Don Larsen: The Baseball Player Who Threw a Perfect Game

Don Larsen’s perfect game in the 1956 World Series is one of the most iconic moments in baseball history. Learn more about the man who accomplished this amazing feat.

Don Larsen’s Early Life

Don Larsen was born on August 7, 1929, in Michigan City, Indiana. His father, George Larsen, was a semi-pro baseball player. His family moved around a lot when he was young, following his father’s career. Don started playing baseball when he was just six years old. When he was in high school, he was scouted by the New York Yankees.

Larsen’s family and childhood

Don Larsen was born in Michigan but grew up in San Diego, California, where his father worked as a machinist in a shipyard. His parents divorced when he was eight years old, and his father died soon afterwards. Larsen had two older brothers, but they were much older and not involved in his life. Larsen’s mother worked two jobs to support her family, and he often had to fend for himself. He began drinking at an early age and got into trouble with the law on several occasions.

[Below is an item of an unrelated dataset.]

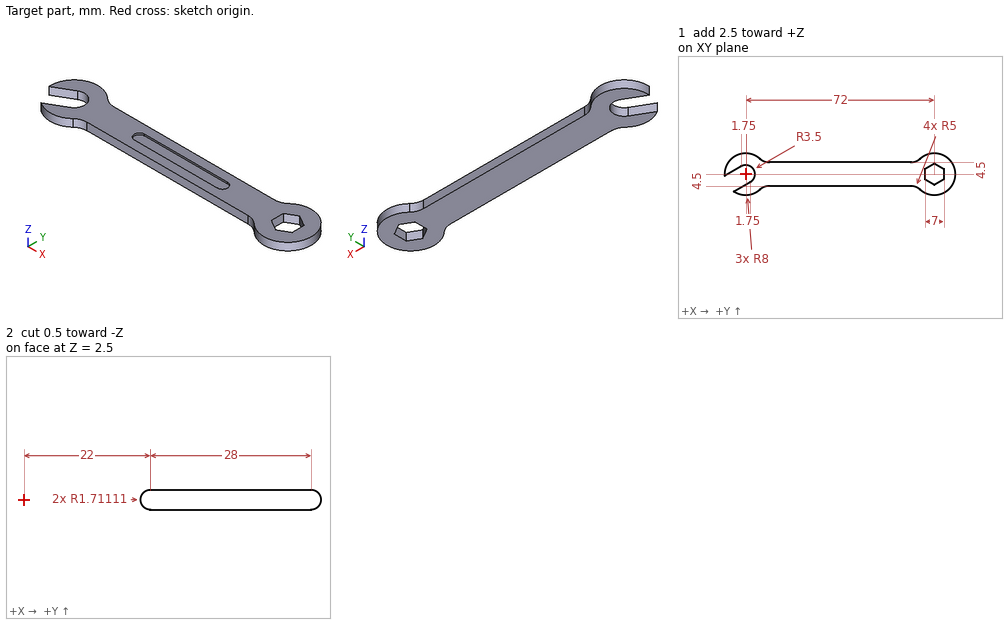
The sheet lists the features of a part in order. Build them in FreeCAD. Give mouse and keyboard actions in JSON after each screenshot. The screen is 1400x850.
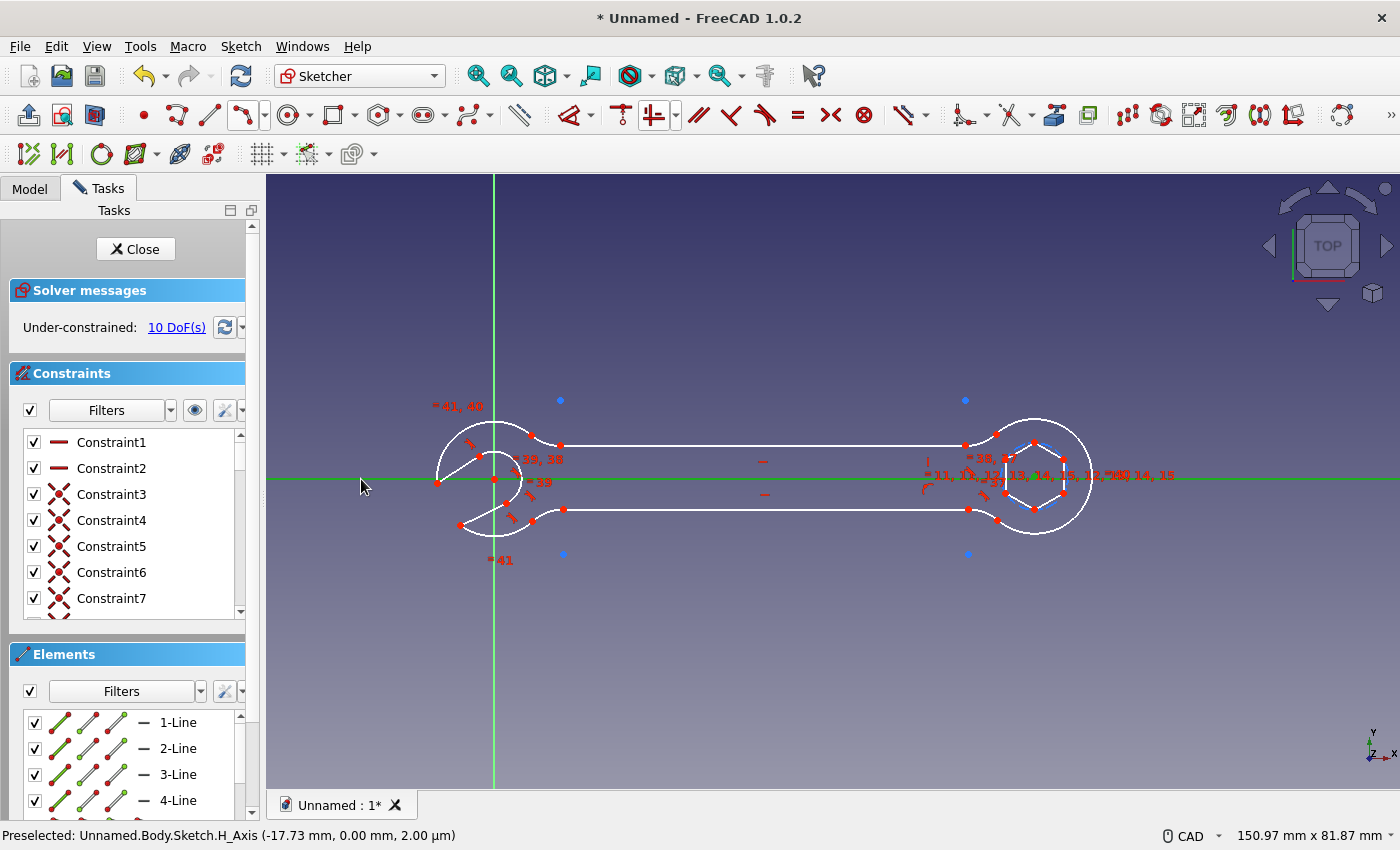
{"action": "key", "text": "c"}

Larsen’s early interest in baseball

Larsen said that his father introduced him to baseball, and he played catch with his father and brothers in the street outside their house. Larsen also played sandlot ball in San Diego as a youth. He said that while he did not excel at sports in high school, he enjoyed playing baseball. Larsen attended Point Loma High School in San Diego, where he played baseball and basketball. After graduating from high school, Larsen signed a professional contract with theSt. Louis Browns organization in 1945.

Larsen’s Baseball Career

Don Larsen was a professional baseball player who pitched for seven different teams during his career. He is best known for throwing a perfect game during the 1956 World Series. Larsen retired from baseball in 1969 with a record of 96-106.

Larsen’s minor league career

Larsen’s minor league career began in 1948. He played for Class-D clubs in Pennsylvania and Wisconsin, compiling a 6-7 win-loss record with a 4.16 earned run average (ERA) in 22 games started. In 1949, he was promoted to Class-A, playing for the Clinton Pilots in the Western League. Larsen struggled with the Pilots, posting a 6-12 record with a 5.51 ERA in 28 games (19 starts).

Larsen’s time with the Yankees

Larsen first joined the Yankees in 1954. Prior to his time with the Yankees, Larsen had been traded several times and had never really found a home with any team. However, that all changed when he was united with Yogi Berra. The two of them had an amazing amount of chemistry and they quickly became one of the most formidable duos in baseball history.

Larsen spent most of his time with the Yankees as a starting pitcher but he also did have some success as a relief pitcher. In 1955, he was named an All-Star for the first time in his career. He would go on to be named an All-Star two more times in his career (1956 and 1957).

Larsen was a key member of the Yankees teams that won back-to-back World Series titles in 1956 and 1957. In fact, it was during the 1957 World Series when Larsen would pitch one of the most famous games in baseball history.

Larsen’s perfect game

Don Larsen holds a very special place in baseball history – he’s the only player to ever throw a perfect game in the World Series. On October 8th, 1956, Larsen took the mound for game 5 of the series against the powerful Brooklyn Dodgers. He proceeded to retire all 27 batters he faced, becoming an instant legend.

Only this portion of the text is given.